| |
‘Talenkennis is geen culturele franje maar bittere noodzaak’
Interview met Toon van der Ven, voorzitter van Levende Talen
Jan Erik Grezel
Wat doet het honderdjarige Levende Talen anno 2011 voor taaldocenten? Welke kwesties zijn hete hangijzers en wat kan er nog beter in het taalonderwijs? Voorzitter Toon van der Ven licht het toe.

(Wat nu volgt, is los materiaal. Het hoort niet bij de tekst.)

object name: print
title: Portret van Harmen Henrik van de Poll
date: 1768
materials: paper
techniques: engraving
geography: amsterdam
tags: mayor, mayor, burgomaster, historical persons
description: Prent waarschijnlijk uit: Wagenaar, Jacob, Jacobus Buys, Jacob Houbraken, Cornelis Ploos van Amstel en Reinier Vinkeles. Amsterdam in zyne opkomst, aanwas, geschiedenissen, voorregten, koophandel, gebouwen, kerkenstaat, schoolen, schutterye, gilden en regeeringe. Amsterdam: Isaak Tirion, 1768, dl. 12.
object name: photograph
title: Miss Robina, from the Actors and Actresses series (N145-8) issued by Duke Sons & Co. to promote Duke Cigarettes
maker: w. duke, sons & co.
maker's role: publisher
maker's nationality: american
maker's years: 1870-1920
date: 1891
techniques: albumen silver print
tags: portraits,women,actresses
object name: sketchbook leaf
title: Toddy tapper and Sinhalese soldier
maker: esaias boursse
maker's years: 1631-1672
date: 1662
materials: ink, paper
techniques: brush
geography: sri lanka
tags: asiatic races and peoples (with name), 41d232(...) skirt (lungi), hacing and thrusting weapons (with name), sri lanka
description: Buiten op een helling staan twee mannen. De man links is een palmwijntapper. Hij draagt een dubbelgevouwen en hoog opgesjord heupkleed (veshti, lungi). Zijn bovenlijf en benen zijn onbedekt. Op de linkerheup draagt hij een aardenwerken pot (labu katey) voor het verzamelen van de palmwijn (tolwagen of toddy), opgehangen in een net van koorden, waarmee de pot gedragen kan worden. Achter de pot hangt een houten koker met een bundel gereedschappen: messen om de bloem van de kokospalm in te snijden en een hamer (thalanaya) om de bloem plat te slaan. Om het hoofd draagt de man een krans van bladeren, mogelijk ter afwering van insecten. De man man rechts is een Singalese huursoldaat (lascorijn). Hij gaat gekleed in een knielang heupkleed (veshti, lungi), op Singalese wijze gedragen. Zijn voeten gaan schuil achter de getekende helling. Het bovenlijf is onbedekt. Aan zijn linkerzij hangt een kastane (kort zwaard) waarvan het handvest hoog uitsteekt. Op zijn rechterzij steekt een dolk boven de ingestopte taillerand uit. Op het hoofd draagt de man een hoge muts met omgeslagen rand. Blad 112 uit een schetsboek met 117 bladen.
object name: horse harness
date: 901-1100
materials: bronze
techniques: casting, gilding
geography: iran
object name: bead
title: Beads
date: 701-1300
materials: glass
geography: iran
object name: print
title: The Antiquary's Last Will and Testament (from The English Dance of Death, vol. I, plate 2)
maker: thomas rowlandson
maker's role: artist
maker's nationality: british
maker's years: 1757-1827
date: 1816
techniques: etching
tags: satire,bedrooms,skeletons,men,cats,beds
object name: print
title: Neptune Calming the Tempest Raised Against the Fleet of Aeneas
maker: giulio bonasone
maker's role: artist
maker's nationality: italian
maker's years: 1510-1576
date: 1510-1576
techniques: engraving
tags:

‘We lopen miljarden mis door gebrek aan talenkennis. Die noodkreet komt van Fenedex, de vereniging van Nederlandse exporteurs. Nederlanders stonden er altijd om bekend dat ze goed hun talen spreken. Maar nu beheerst nog geen vijf procent van de bevolking het Frans een beetje behoorlijk. Ons taalimago brokkelt af.’ Drs. Toon van der Ven is sinds tweeënhalf jaar voorzitter van de Vereniging van Leraren in Levende Talen - kortweg Levende Talen -, dé vakvereniging voor taaldocenten. Hij maakt zich sterk voor uitbreiding en verbetering van taallessen. Daarbij gaat het niet alleen om Nederlands en Engels, maar ook om bijvoorbeeld Frans of Chinees - in álle sectoren van het onderwijs.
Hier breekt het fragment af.